Click on “Add layer” and you should start seeing some dots in your maps now. Unfortunately, that doesn’t really help us easily see which Pokémon are found in each route, right? We can improve it a bit by adding captions to it. Edit your layer, search for the Layer Style category, and set the “pokemonName” to the “Label field”. That gives us a small improvement, but it’s not really useful for cases where the dots are so close to each other, which is precisely our case.
Another option to improve the visualization would be to use custom icons instead of simple dots, which has two problems. The first one is that we would need to manually add and map the icons to each Pokémon, and that would be a bit tiring. I suppose that one way to solve the mapping part would be to export the visualization, edit the generated file, and import it again. I haven’t tried that because of two reasons: I couldn’t find a way to import 151 SVGs files besides doing it manually, and because of the second issue I mentioned earlier.

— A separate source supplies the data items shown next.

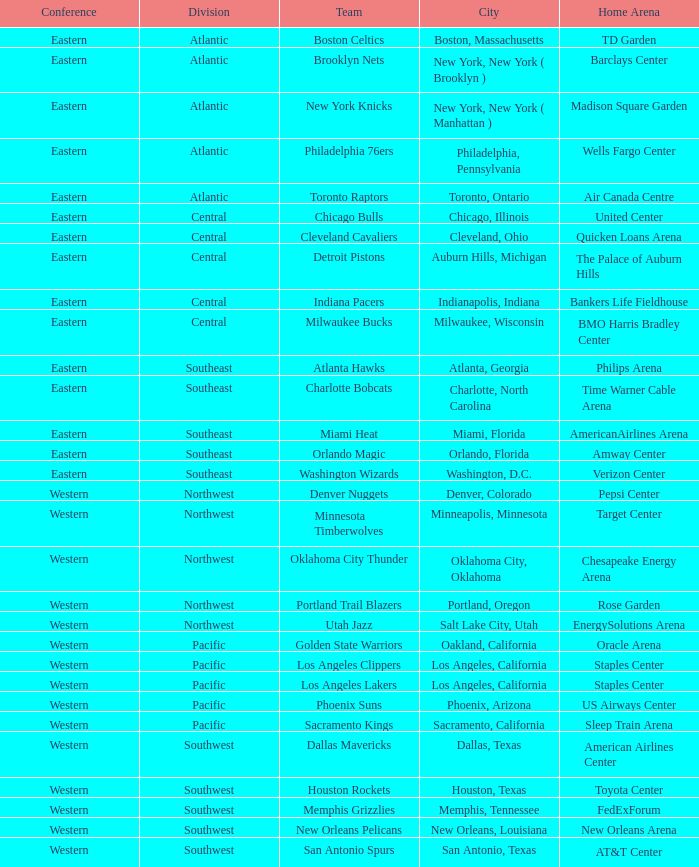Which city includes the Target Center arena? Minneapolis, Minnesota. 
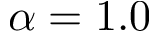<formula> <loc_0><loc_0><loc_500><loc_500>\alpha = 1 . 0</formula> 
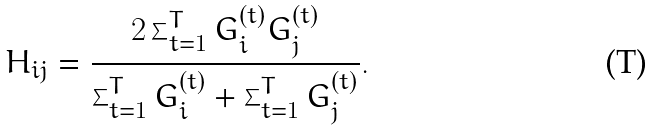<formula> <loc_0><loc_0><loc_500><loc_500>H _ { i j } = \frac { 2 \sum _ { t = 1 } ^ { T } G _ { i } ^ { ( t ) } G _ { j } ^ { ( t ) } } { \sum _ { t = 1 } ^ { T } G _ { i } ^ { ( t ) } + \sum _ { t = 1 } ^ { T } G _ { j } ^ { ( t ) } } .</formula> 
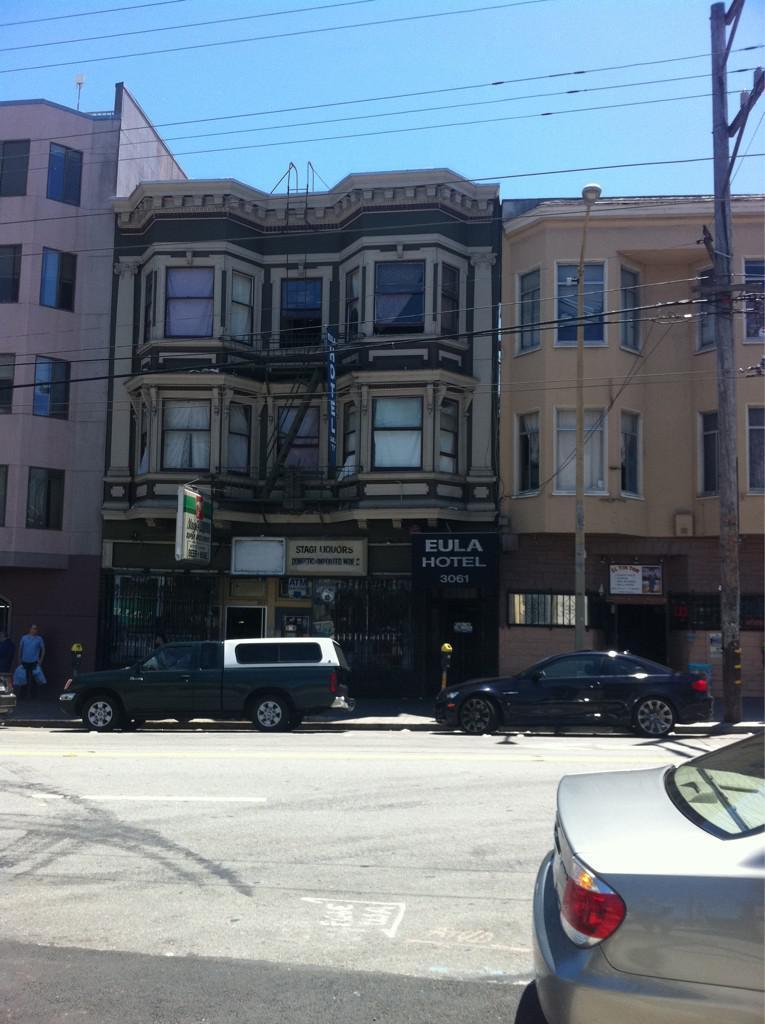In one or two sentences, can you explain what this image depicts? On the right side, there is a vehicle on the road. In the background, there are vehicles on the road, there is a pole which is having electric lines, there are buildings which are having glass windows and there is blue sky.

The second issue is that Elasticsearch doesn’t really expect us to provide beautiful and colored SVGs, it’s expecting an icon. So as you can see in the image above, they lose their original colors and are added like shadows, as the color is supposed to come from the “Fill color” field. In the end, it feels like we are playing “Who’s that Pokémon?”.
Conclusion
It was really simple to set up GeoServer and add the Kanto region map to Kibana, all thanks to this article from Jay Greenberg. But when it came to displaying the data, things didn’t go as planned. Hopefully, in the future, a customer will come up with a legitimate use case where they need to have hundreds of images in a map, so this can be concluded the way it was intended to.